I was totally going to say something along the same lines!! And PUPPIES!!! I'm screwed. Just please don't ever do a puppies in the snow theme.


----------



## xellil (Apr 4, 2011)

On the first one, I just ended up not voting because it seemed like voting for one was a vote against the others. And I liked them all. 

I am voting on this one but it's really, really hard.


----------



## DaneMama (Jun 27, 2008)

I wait until the very end to decide which one to vote for. That way I can spend a week or two mulling it over.


----------



## hmbutler (Aug 4, 2011)

DaneMama said:


> I wait until the very end to decide which one to vote for. That way I can spend a week or two mulling it over.


Or you wait until all the results are in so you know if your vote will be the decider??? haha


----------



## DaneMama (Jun 27, 2008)

hmbutler said:


> Or you wait until all the results are in so you know if your vote will be the decider??? haha


That too :tongue:


----------



## Tobi (Mar 18, 2011)

noooo, don't boycott it! :heh: I went through all of them for about twenty minutes today after Natalie put them up, and i couldn't bear to vote on my own, that was a hard decision!


----------



## Khan (Jan 17, 2010)

:faint:


Tobi said:


> noooo, don't boycott it! :heh: I went through all of them for about twenty minutes today after Natalie put them up, and i couldn't bear to vote on my own, that was a hard decision!
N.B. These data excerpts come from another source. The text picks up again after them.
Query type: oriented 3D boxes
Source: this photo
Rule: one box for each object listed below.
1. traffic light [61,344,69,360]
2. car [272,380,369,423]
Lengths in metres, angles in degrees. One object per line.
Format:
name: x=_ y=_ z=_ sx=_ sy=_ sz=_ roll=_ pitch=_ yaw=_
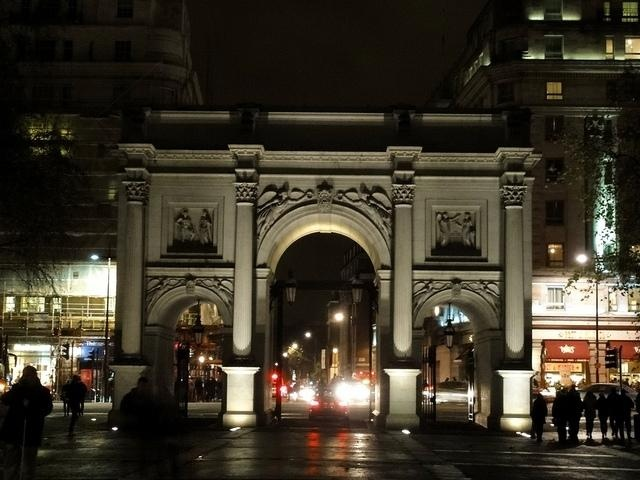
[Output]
traffic light: x=-16.112 y=6.969 z=62.928 sx=0.447 sy=1.014 sz=4.519 roll=2 pitch=-9 yaw=-15
car: x=0.798 y=9.701 z=54.925 sx=3.362 sy=2.414 sz=7.575 roll=0 pitch=-5 yaw=0
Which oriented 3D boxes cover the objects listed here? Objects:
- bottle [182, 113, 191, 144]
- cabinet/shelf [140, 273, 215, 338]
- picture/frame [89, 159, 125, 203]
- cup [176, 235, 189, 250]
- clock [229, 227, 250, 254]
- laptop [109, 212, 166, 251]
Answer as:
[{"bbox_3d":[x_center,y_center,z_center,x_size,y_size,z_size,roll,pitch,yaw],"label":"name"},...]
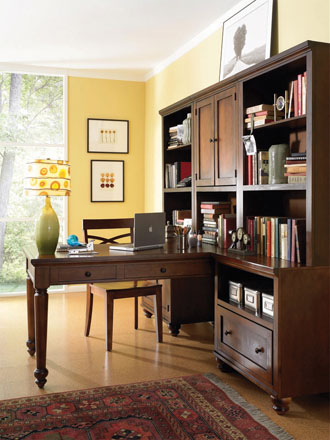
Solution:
[{"bbox_3d":[0.179,-0.752,3.183,0.031,0.252,0.166,0,-1,-21],"label":"bottle"},{"bbox_3d":[0.095,0.638,3.279,0.386,0.730,0.696,0,0,-25],"label":"cabinet/shelf"},{"bbox_3d":[-0.763,-0.501,4.823,0.492,0.741,0.024,1,-3,-27],"label":"picture/frame"},{"bbox_3d":[0.110,0.148,2.552,0.079,0.104,0.085,0,0,0],"label":"cup"},{"bbox_3d":[0.437,0.122,2.211,0.042,0.107,0.140,2,-2,-21],"label":"clock"},{"bbox_3d":[-0.164,0.055,2.419,0.223,0.296,0.328,5,6,32],"label":"laptop"}]
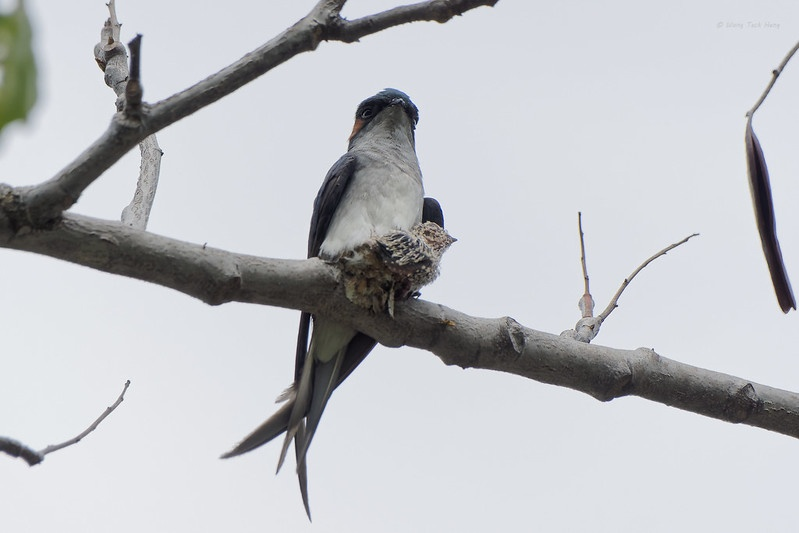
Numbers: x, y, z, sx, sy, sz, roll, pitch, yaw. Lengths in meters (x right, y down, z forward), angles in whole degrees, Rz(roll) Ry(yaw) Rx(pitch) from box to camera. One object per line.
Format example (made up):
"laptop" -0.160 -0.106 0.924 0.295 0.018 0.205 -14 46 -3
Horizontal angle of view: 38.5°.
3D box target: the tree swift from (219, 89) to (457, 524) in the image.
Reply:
"tree swift" -0.243 0.101 5.407 0.542 1.002 1.836 22 -93 -24

Well I'm not really boycotting it, we just need to figure out how to put ALL the pics on the page. Even if they are small, I would rather they all be on there then try and pic just one! And the categories are only going to get worse! I'm with Richelle, Puppies...Forget about it!! :faint:


----------



## Herzo (Feb 5, 2011)

I'm with all of you it was to hard. And now I have to look back and see because I think there will be a puppy one. Ohhhhhhhhhhhhh not good.


----------